--- Exercise requirements ---
Among the lines below, restate word for word only those from the line with "inscriptions: name: ‘Ess[...] 184[...]’" through the line with "inscriptions: number: ‘84’", with both end lines kept.

(Beginning of Records provided)

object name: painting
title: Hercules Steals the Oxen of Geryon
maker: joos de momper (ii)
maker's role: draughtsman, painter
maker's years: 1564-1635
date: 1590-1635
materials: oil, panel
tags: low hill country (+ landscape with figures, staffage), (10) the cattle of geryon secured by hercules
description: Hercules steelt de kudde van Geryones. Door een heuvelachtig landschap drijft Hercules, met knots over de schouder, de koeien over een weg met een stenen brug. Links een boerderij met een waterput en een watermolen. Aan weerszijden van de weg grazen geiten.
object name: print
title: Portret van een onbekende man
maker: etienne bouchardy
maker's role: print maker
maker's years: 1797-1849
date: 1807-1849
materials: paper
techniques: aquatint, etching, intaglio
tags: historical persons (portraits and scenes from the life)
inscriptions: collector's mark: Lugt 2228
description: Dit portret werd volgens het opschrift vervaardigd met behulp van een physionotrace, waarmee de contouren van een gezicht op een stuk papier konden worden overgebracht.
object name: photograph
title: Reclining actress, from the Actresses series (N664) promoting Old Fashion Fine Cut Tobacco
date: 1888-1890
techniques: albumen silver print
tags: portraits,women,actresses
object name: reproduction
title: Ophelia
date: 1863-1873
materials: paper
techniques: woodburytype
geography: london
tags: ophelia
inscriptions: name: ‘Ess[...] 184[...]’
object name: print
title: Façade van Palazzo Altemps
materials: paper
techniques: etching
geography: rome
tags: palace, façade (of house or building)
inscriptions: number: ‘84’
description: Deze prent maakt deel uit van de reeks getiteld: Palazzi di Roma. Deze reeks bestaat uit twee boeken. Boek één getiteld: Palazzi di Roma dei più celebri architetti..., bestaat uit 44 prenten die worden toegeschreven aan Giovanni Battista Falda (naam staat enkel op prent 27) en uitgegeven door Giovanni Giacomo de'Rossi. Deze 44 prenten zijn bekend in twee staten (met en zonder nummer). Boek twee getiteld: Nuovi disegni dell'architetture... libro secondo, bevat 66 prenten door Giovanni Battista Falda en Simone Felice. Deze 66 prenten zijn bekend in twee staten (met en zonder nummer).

(End of Records provided)

--- Solution to the problem ---
inscriptions: name: ‘Ess[...] 184[...]’
object name: print
title: Façade van Palazzo Altemps
materials: paper
techniques: etching
geography: rome
tags: palace, façade (of house or building)
inscriptions: number: ‘84’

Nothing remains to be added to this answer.